◆ **What the exercise asks**
Copy task. Retype the whole listing exactly, omitting any picture in it.

◆ **Supplied records**
⁂
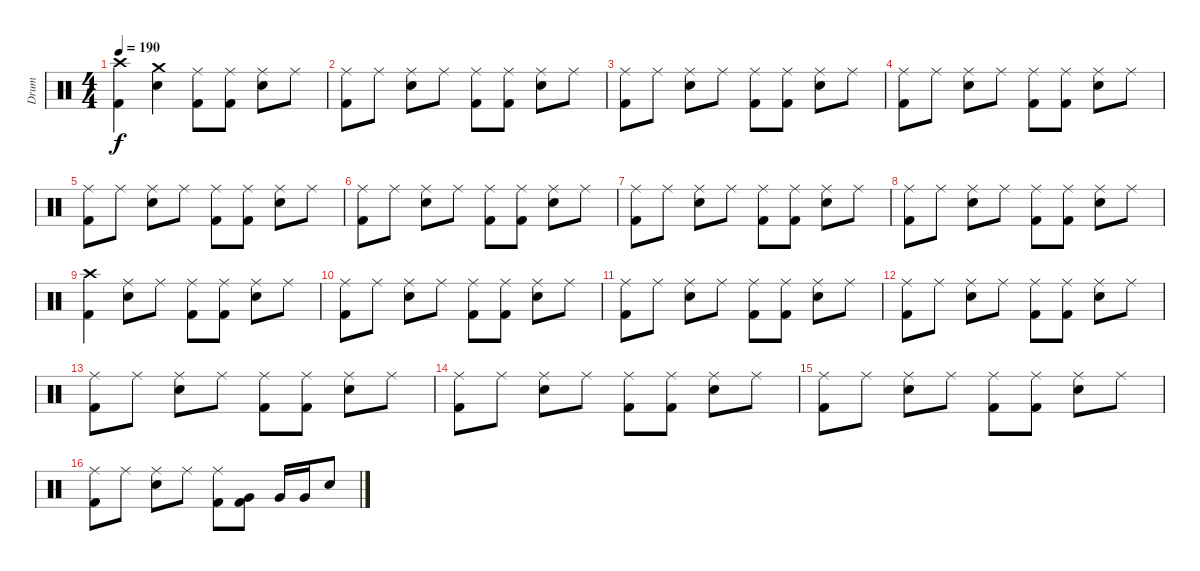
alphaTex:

\track ("Drum" "Drum") {instrument percussion}
\staff {score}
\articulation defaults
\ts (4 4)
\tempo 190
\clef neutral
\ks c
("Crash high (hit)" "Kick (hit) 2").4{dy f} ("Crash medium (hit)" "Electric Snare (hit)").4 ("Ride (middle)" "Kick (hit) 2").8 ("Ride (middle)" "Kick (hit) 2").8 ("Ride (middle)" "Electric Snare (hit)").8 "Ride (middle)".8 |
("Ride (middle)" "Kick (hit) 2").8 "Ride (middle)".8 ("Ride (middle)" "Electric Snare (hit)").8 "Ride (middle)".8 ("Ride (middle)" "Kick (hit) 2").8 ("Ride (middle)" "Kick (hit) 2").8 ("Ride (middle)" "Electric Snare (hit)").8 "Ride (middle)".8 |
("Ride (middle)" "Kick (hit) 2").8 "Ride (middle)".8 ("Ride (middle)" "Electric Snare (hit)").8 "Ride (middle)".8 ("Ride (middle)" "Kick (hit) 2").8 ("Ride (middle)" "Kick (hit) 2").8 ("Ride (middle)" "Electric Snare (hit)").8 "Ride (middle)".8 |
("Ride (middle)" "Kick (hit) 2").8 "Ride (middle)".8 ("Ride (middle)" "Electric Snare (hit)").8 "Ride (middle)".8 ("Ride (middle)" "Kick (hit) 2").8 ("Ride (middle)" "Kick (hit) 2").8 ("Ride (middle)" "Electric Snare (hit)").8 "Ride (middle)".8 |
("Ride (middle)" "Kick (hit) 2").8 "Ride (middle)".8 ("Ride (middle)" "Electric Snare (hit)").8 "Ride (middle)".8 ("Ride (middle)" "Kick (hit) 2").8 ("Ride (middle)" "Kick (hit) 2").8 ("Ride (middle)" "Electric Snare (hit)").8 "Ride (middle)".8 |
("Ride (middle)" "Kick (hit) 2").8 "Ride (middle)".8 ("Ride (middle)" "Electric Snare (hit)").8 "Ride (middle)".8 ("Ride (middle)" "Kick (hit) 2").8 ("Ride (middle)" "Kick (hit) 2").8 ("Ride (middle)" "Electric Snare (hit)").8 "Ride (middle)".8 |
("Ride (middle)" "Kick (hit) 2").8 "Ride (middle)".8 ("Ride (middle)" "Electric Snare (hit)").8 "Ride (middle)".8 ("Ride (middle)" "Kick (hit) 2").8 ("Ride (middle)" "Kick (hit) 2").8 ("Ride (middle)" "Electric Snare (hit)").8 "Ride (middle)".8 |
("Ride (middle)" "Kick (hit) 2").8 "Ride (middle)".8 ("Ride (middle)" "Electric Snare (hit)").8 "Ride (middle)".8 ("Ride (middle)" "Kick (hit) 2").8 ("Ride (middle)" "Kick (hit) 2").8 ("Ride (middle)" "Electric Snare (hit)").8 "Ride (middle)".8 |
("Crash high (hit)" "Kick (hit) 2").4 ("Ride (middle)" "Electric Snare (hit)").8 "Ride (middle)".8 ("Ride (middle)" "Kick (hit) 2").8 ("Ride (middle)" "Kick (hit) 2").8 ("Ride (middle)" "Electric Snare (hit)").8 "Ride (middle)".8 |
("Ride (middle)" "Kick (hit) 2").8 "Ride (middle)".8 ("Ride (middle)" "Electric Snare (hit)").8 "Ride (middle)".8 ("Ride (middle)" "Kick (hit) 2").8 ("Ride (middle)" "Kick (hit) 2").8 ("Ride (middle)" "Electric Snare (hit)").8 "Ride (middle)".8 |
("Ride (middle)" "Kick (hit) 2").8 "Ride (middle)".8 ("Ride (middle)" "Electric Snare (hit)").8 "Ride (middle)".8 ("Ride (middle)" "Kick (hit) 2").8 ("Ride (middle)" "Kick (hit) 2").8 ("Ride (middle)" "Electric Snare (hit)").8 "Ride (middle)".8 |
("Ride (middle)" "Kick (hit) 2").8 "Ride (middle)".8 ("Ride (middle)" "Electric Snare (hit)").8 "Ride (middle)".8 ("Ride (middle)" "Kick (hit) 2").8 ("Ride (middle)" "Kick (hit) 2").8 ("Ride (middle)" "Electric Snare (hit)").8 "Ride (middle)".8 |
("Ride (middle)" "Kick (hit) 2").8 "Ride (middle)".8 ("Ride (middle)" "Electric Snare (hit)").8 "Ride (middle)".8 ("Ride (middle)" "Kick (hit) 2").8 ("Ride (middle)" "Kick (hit) 2").8 ("Ride (middle)" "Electric Snare (hit)").8 "Ride (middle)".8 |
("Ride (middle)" "Kick (hit) 2").8 "Ride (middle)".8 ("Ride (middle)" "Electric Snare (hit)").8 "Ride (middle)".8 ("Ride (middle)" "Kick (hit) 2").8 ("Ride (middle)" "Kick (hit) 2").8 ("Ride (middle)" "Electric Snare (hit)").8 "Ride (middle)".8 |
("Ride (middle)" "Kick (hit) 2").8 "Ride (middle)".8 ("Ride (middle)" "Electric Snare (hit)").8 "Ride (middle)".8 ("Ride (middle)" "Kick (hit) 2").8 ("Ride (middle)" "Kick (hit) 2").8 ("Ride (middle)" "Electric Snare (hit)").8 "Ride (middle)".8 |
("Ride (middle)" "Kick (hit) 2").8 "Ride (middle)".8 ("Ride (middle)" "Electric Snare (hit)").8 "Ride (middle)".8 ("Ride (middle)" "Kick (hit) 2").8 ("Very Low Tom (hit)" "Kick (hit) 2").8 "Very Low Tom (hit)".16 "Very Low Tom (hit)".16 "Electric Snare (hit)".8
⁂
◆ **Reply to the task**
alphaTex:

\track ("Drum" "Drum") {instrument percussion}
\staff {score}
\articulation defaults
\ts (4 4)
\tempo 190
\clef neutral
\ks c
("Crash high (hit)" "Kick (hit) 2").4{dy f} ("Crash medium (hit)" "Electric Snare (hit)").4 ("Ride (middle)" "Kick (hit) 2").8 ("Ride (middle)" "Kick (hit) 2").8 ("Ride (middle)" "Electric Snare (hit)").8 "Ride (middle)".8 |
("Ride (middle)" "Kick (hit) 2").8 "Ride (middle)".8 ("Ride (middle)" "Electric Snare (hit)").8 "Ride (middle)".8 ("Ride (middle)" "Kick (hit) 2").8 ("Ride (middle)" "Kick (hit) 2").8 ("Ride (middle)" "Electric Snare (hit)").8 "Ride (middle)".8 |
("Ride (middle)" "Kick (hit) 2").8 "Ride (middle)".8 ("Ride (middle)" "Electric Snare (hit)").8 "Ride (middle)".8 ("Ride (middle)" "Kick (hit) 2").8 ("Ride (middle)" "Kick (hit) 2").8 ("Ride (middle)" "Electric Snare (hit)").8 "Ride (middle)".8 |
("Ride (middle)" "Kick (hit) 2").8 "Ride (middle)".8 ("Ride (middle)" "Electric Snare (hit)").8 "Ride (middle)".8 ("Ride (middle)" "Kick (hit) 2").8 ("Ride (middle)" "Kick (hit) 2").8 ("Ride (middle)" "Electric Snare (hit)").8 "Ride (middle)".8 |
("Ride (middle)" "Kick (hit) 2").8 "Ride (middle)".8 ("Ride (middle)" "Electric Snare (hit)").8 "Ride (middle)".8 ("Ride (middle)" "Kick (hit) 2").8 ("Ride (middle)" "Kick (hit) 2").8 ("Ride (middle)" "Electric Snare (hit)").8 "Ride (middle)".8 |
("Ride (middle)" "Kick (hit) 2").8 "Ride (middle)".8 ("Ride (middle)" "Electric Snare (hit)").8 "Ride (middle)".8 ("Ride (middle)" "Kick (hit) 2").8 ("Ride (middle)" "Kick (hit) 2").8 ("Ride (middle)" "Electric Snare (hit)").8 "Ride (middle)".8 |
("Ride (middle)" "Kick (hit) 2").8 "Ride (middle)".8 ("Ride (middle)" "Electric Snare (hit)").8 "Ride (middle)".8 ("Ride (middle)" "Kick (hit) 2").8 ("Ride (middle)" "Kick (hit) 2").8 ("Ride (middle)" "Electric Snare (hit)").8 "Ride (middle)".8 |
("Ride (middle)" "Kick (hit) 2").8 "Ride (middle)".8 ("Ride (middle)" "Electric Snare (hit)").8 "Ride (middle)".8 ("Ride (middle)" "Kick (hit) 2").8 ("Ride (middle)" "Kick (hit) 2").8 ("Ride (middle)" "Electric Snare (hit)").8 "Ride (middle)".8 |
("Crash high (hit)" "Kick (hit) 2").4 ("Ride (middle)" "Electric Snare (hit)").8 "Ride (middle)".8 ("Ride (middle)" "Kick (hit) 2").8 ("Ride (middle)" "Kick (hit) 2").8 ("Ride (middle)" "Electric Snare (hit)").8 "Ride (middle)".8 |
("Ride (middle)" "Kick (hit) 2").8 "Ride (middle)".8 ("Ride (middle)" "Electric Snare (hit)").8 "Ride (middle)".8 ("Ride (middle)" "Kick (hit) 2").8 ("Ride (middle)" "Kick (hit) 2").8 ("Ride (middle)" "Electric Snare (hit)").8 "Ride (middle)".8 |
("Ride (middle)" "Kick (hit) 2").8 "Ride (middle)".8 ("Ride (middle)" "Electric Snare (hit)").8 "Ride (middle)".8 ("Ride (middle)" "Kick (hit) 2").8 ("Ride (middle)" "Kick (hit) 2").8 ("Ride (middle)" "Electric Snare (hit)").8 "Ride (middle)".8 |
("Ride (middle)" "Kick (hit) 2").8 "Ride (middle)".8 ("Ride (middle)" "Electric Snare (hit)").8 "Ride (middle)".8 ("Ride (middle)" "Kick (hit) 2").8 ("Ride (middle)" "Kick (hit) 2").8 ("Ride (middle)" "Electric Snare (hit)").8 "Ride (middle)".8 |
("Ride (middle)" "Kick (hit) 2").8 "Ride (middle)".8 ("Ride (middle)" "Electric Snare (hit)").8 "Ride (middle)".8 ("Ride (middle)" "Kick (hit) 2").8 ("Ride (middle)" "Kick (hit) 2").8 ("Ride (middle)" "Electric Snare (hit)").8 "Ride (middle)".8 |
("Ride (middle)" "Kick (hit) 2").8 "Ride (middle)".8 ("Ride (middle)" "Electric Snare (hit)").8 "Ride (middle)".8 ("Ride (middle)" "Kick (hit) 2").8 ("Ride (middle)" "Kick (hit) 2").8 ("Ride (middle)" "Electric Snare (hit)").8 "Ride (middle)".8 |
("Ride (middle)" "Kick (hit) 2").8 "Ride (middle)".8 ("Ride (middle)" "Electric Snare (hit)").8 "Ride (middle)".8 ("Ride (middle)" "Kick (hit) 2").8 ("Ride (middle)" "Kick (hit) 2").8 ("Ride (middle)" "Electric Snare (hit)").8 "Ride (middle)".8 |
("Ride (middle)" "Kick (hit) 2").8 "Ride (middle)".8 ("Ride (middle)" "Electric Snare (hit)").8 "Ride (middle)".8 ("Ride (middle)" "Kick (hit) 2").8 ("Very Low Tom (hit)" "Kick (hit) 2").8 "Very Low Tom (hit)".16 "Very Low Tom (hit)".16 "Electric Snare (hit)".8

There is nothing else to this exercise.